### Input material
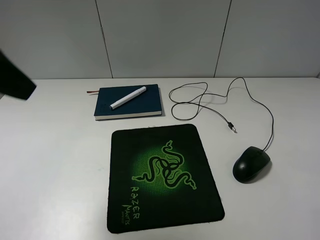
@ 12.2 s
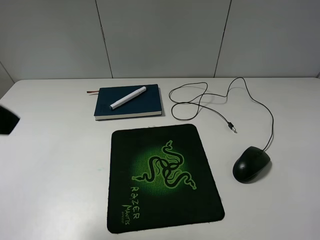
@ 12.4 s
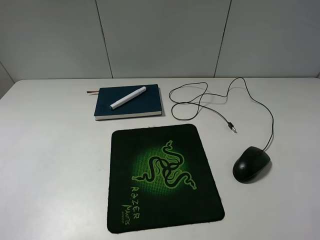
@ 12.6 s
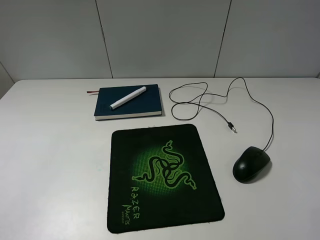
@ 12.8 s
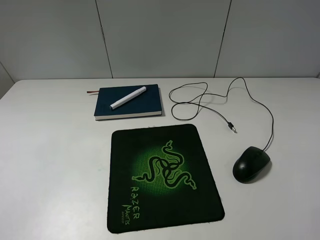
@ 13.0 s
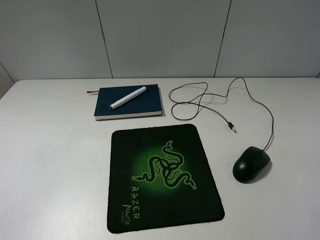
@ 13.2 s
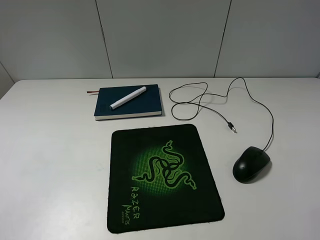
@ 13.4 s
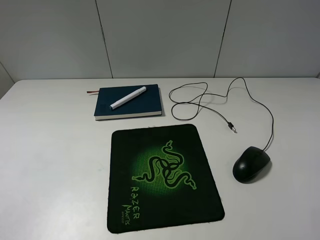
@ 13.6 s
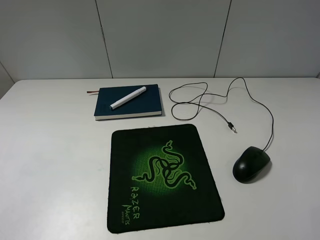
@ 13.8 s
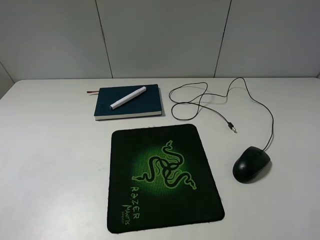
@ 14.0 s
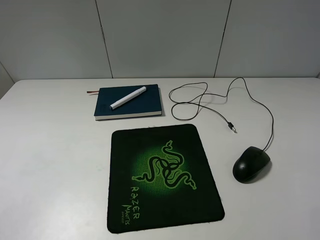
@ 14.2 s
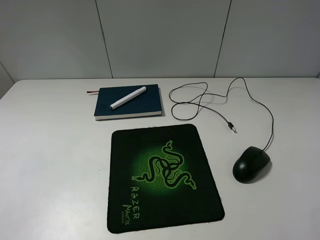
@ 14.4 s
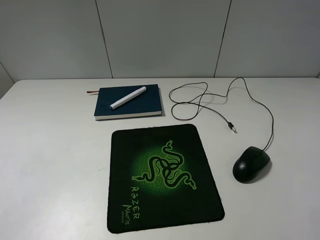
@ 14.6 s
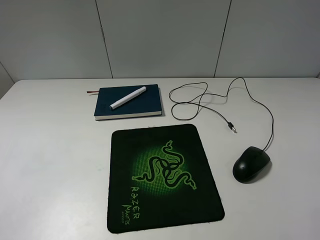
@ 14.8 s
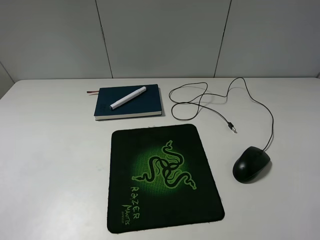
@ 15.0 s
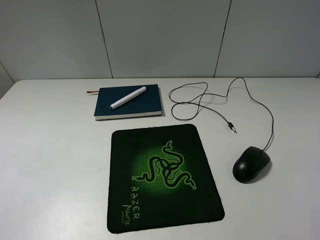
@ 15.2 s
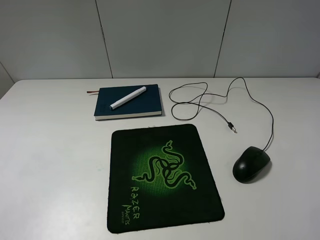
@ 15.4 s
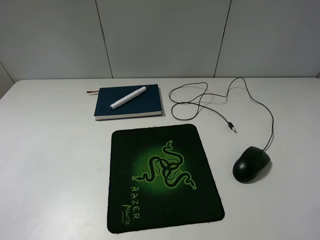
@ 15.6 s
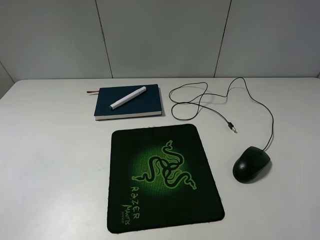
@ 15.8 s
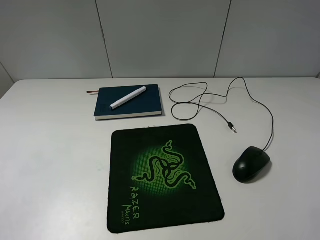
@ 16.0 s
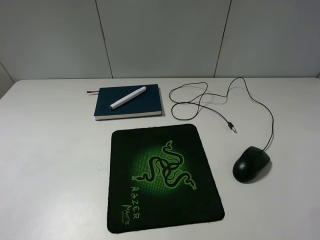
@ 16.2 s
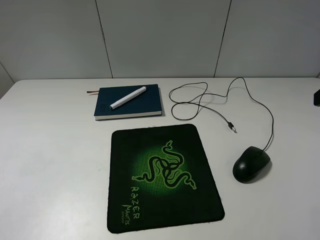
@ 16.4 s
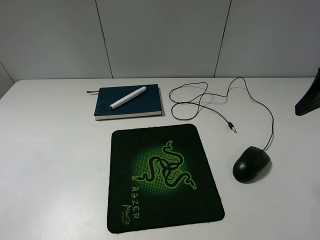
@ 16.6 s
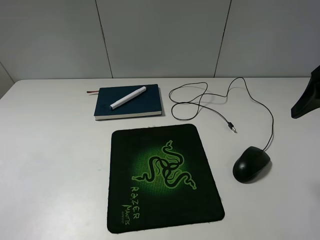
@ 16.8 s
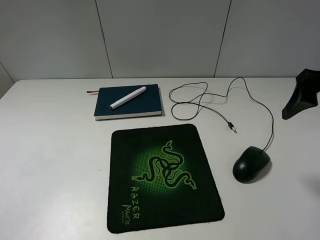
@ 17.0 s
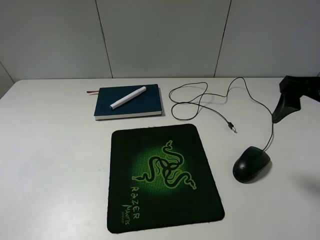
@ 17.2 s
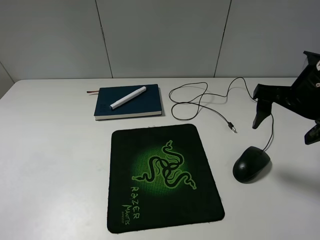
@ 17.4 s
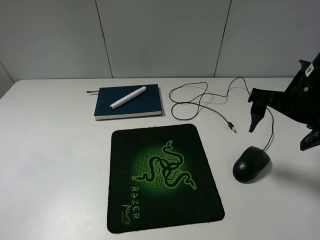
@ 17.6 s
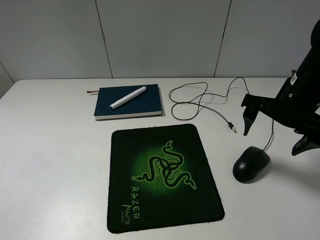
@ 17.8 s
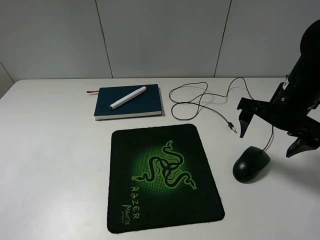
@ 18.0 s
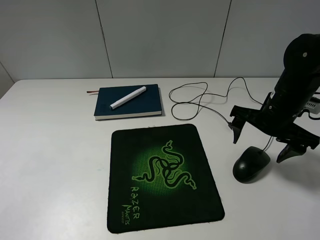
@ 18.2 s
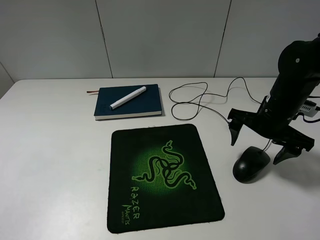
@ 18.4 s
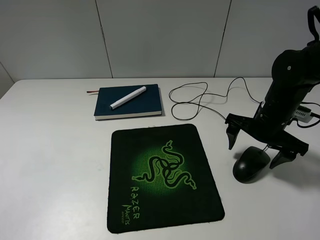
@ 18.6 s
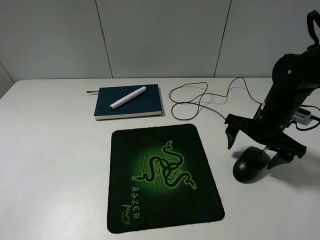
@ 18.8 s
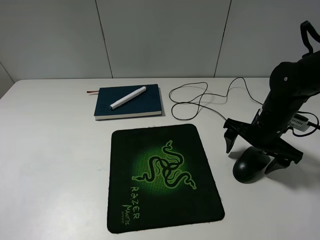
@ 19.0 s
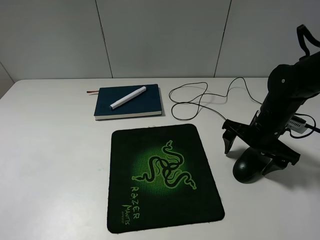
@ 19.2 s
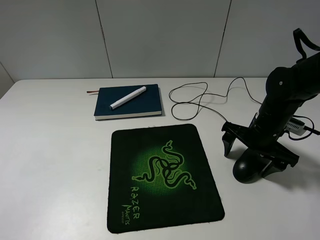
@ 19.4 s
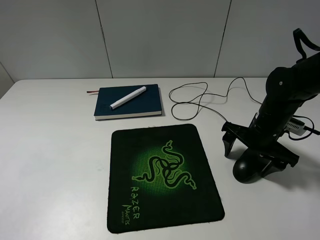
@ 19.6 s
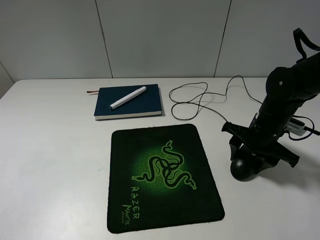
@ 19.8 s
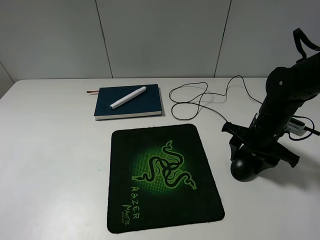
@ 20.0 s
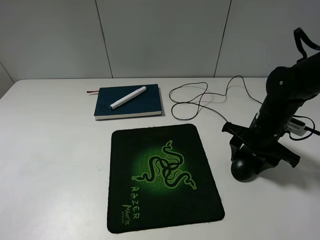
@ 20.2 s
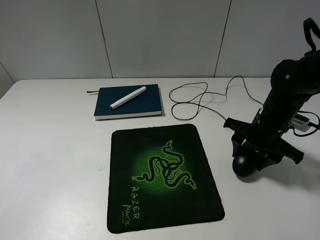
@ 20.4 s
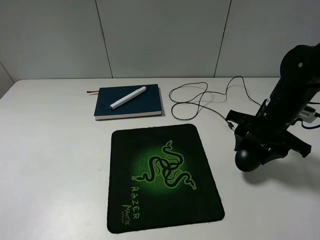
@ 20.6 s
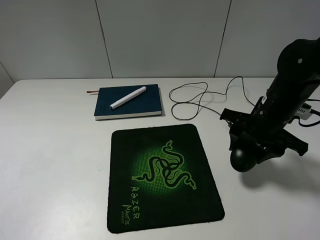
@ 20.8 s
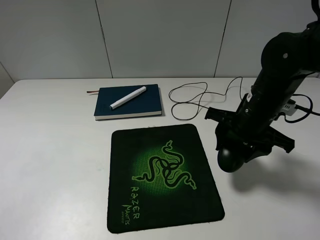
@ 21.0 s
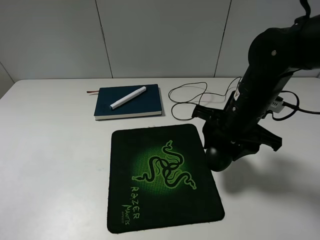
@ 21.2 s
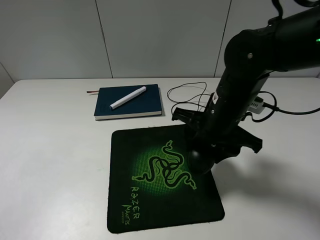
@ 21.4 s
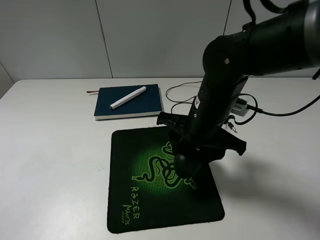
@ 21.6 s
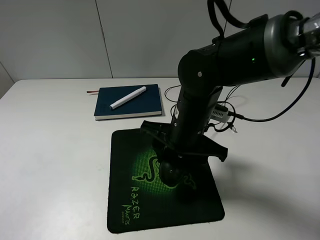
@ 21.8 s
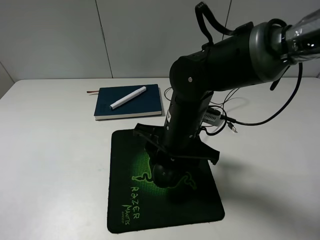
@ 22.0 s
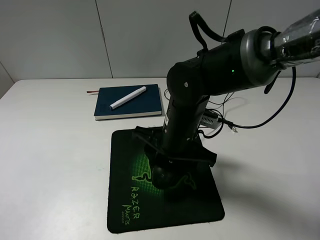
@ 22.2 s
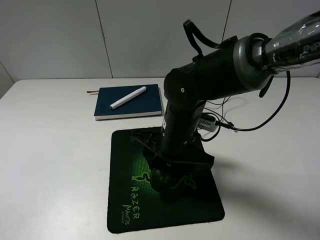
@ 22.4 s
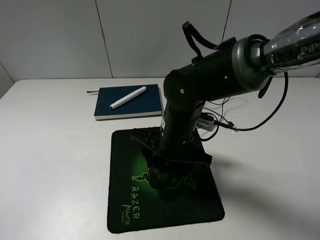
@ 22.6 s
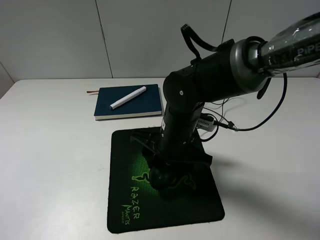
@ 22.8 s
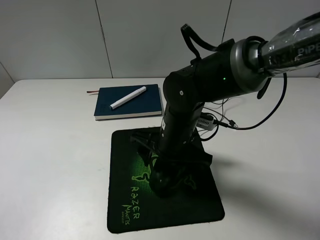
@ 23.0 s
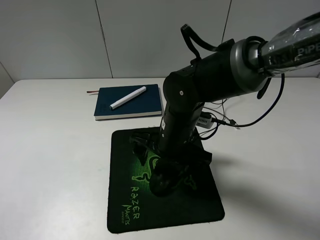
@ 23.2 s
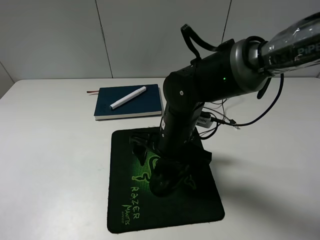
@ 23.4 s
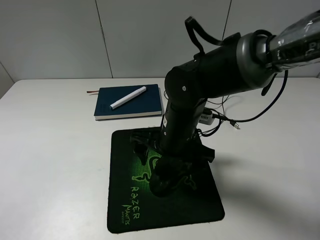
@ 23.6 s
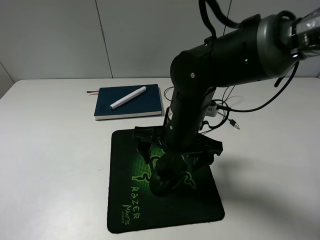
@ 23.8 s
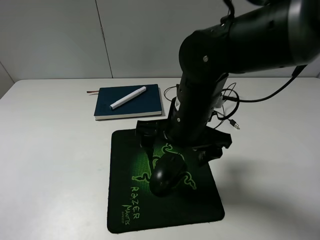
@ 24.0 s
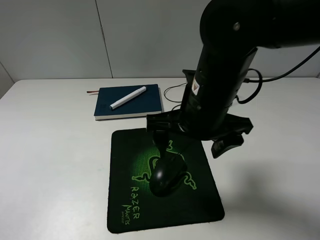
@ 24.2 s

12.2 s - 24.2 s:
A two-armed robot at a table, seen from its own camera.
Step, 12.2 s - 19.8 s: Grasp the mouse with the right gripper.
Step, 20.0 s - 23.6 s: Place the mouse on the mouse pad with the right gripper.
12.2 s - 13.8 s: The left gripper is displaced backward, downward and to the left by about 20 cm.
13.8 s - 15.2 s: Neither gripper changes place.
15.2 s - 16.6 s: The right gripper moves forward, about 20 cm.
16.6 s - 18.2 s: The right gripper moves downward, forward and to the left, approximately 20 cm.
18.2 s - 19.8 s: The right gripper travels downward by about 5 cm, and closes its fingers.
19.8 s - 21.2 s: The right gripper travels to the left and upward by roughly 10 cm.
21.2 s - 22.6 s: The right gripper shifts roughly 10 cm to the left and downward.
22.6 s - 24.2 s: The right gripper travels upward by some 10 cm, and opens its fingers.

### What you should do
Could you transcribe all of the data exactly, keeping every picture out of the copy?

### Response to this exercise
@ 12.2 s
@ 12.4 s
@ 12.6 s
@ 12.8 s
@ 13.0 s
@ 13.2 s
@ 13.4 s
@ 13.6 s
@ 13.8 s
@ 14.0 s
@ 14.2 s
@ 14.4 s
@ 14.6 s
@ 14.8 s
@ 15.0 s
@ 15.2 s
@ 15.4 s
@ 15.6 s
@ 15.8 s
@ 16.0 s
@ 16.2 s
@ 16.4 s
@ 16.6 s
@ 16.8 s
@ 17.0 s
@ 17.2 s
@ 17.4 s
@ 17.6 s
@ 17.8 s
@ 18.0 s
@ 18.2 s
@ 18.4 s
@ 18.6 s
@ 18.8 s
@ 19.0 s
@ 19.2 s
@ 19.4 s
@ 19.6 s
@ 19.8 s
@ 20.0 s
@ 20.2 s
@ 20.4 s
@ 20.6 s
@ 20.8 s
@ 21.0 s
@ 21.2 s
@ 21.4 s
@ 21.6 s
@ 21.8 s
@ 22.0 s
@ 22.2 s
@ 22.4 s
@ 22.6 s
@ 22.8 s
@ 23.0 s
@ 23.2 s
@ 23.4 s
@ 23.6 s
@ 23.8 s
@ 24.0 s
@ 24.2 s

12.2 s - 24.2 s:
A two-armed robot at a table, seen from its own camera.
Step, 12.2 s - 19.8 s: Grasp the mouse with the right gripper.
Step, 20.0 s - 23.6 s: Place the mouse on the mouse pad with the right gripper.
12.2 s - 13.8 s: The left gripper is displaced backward, downward and to the left by about 20 cm.
13.8 s - 15.2 s: Neither gripper changes place.
15.2 s - 16.6 s: The right gripper moves forward, about 20 cm.
16.6 s - 18.2 s: The right gripper moves downward, forward and to the left, approximately 20 cm.
18.2 s - 19.8 s: The right gripper travels downward by about 5 cm, and closes its fingers.
19.8 s - 21.2 s: The right gripper travels to the left and upward by roughly 10 cm.
21.2 s - 22.6 s: The right gripper shifts roughly 10 cm to the left and downward.
22.6 s - 24.2 s: The right gripper travels upward by some 10 cm, and opens its fingers.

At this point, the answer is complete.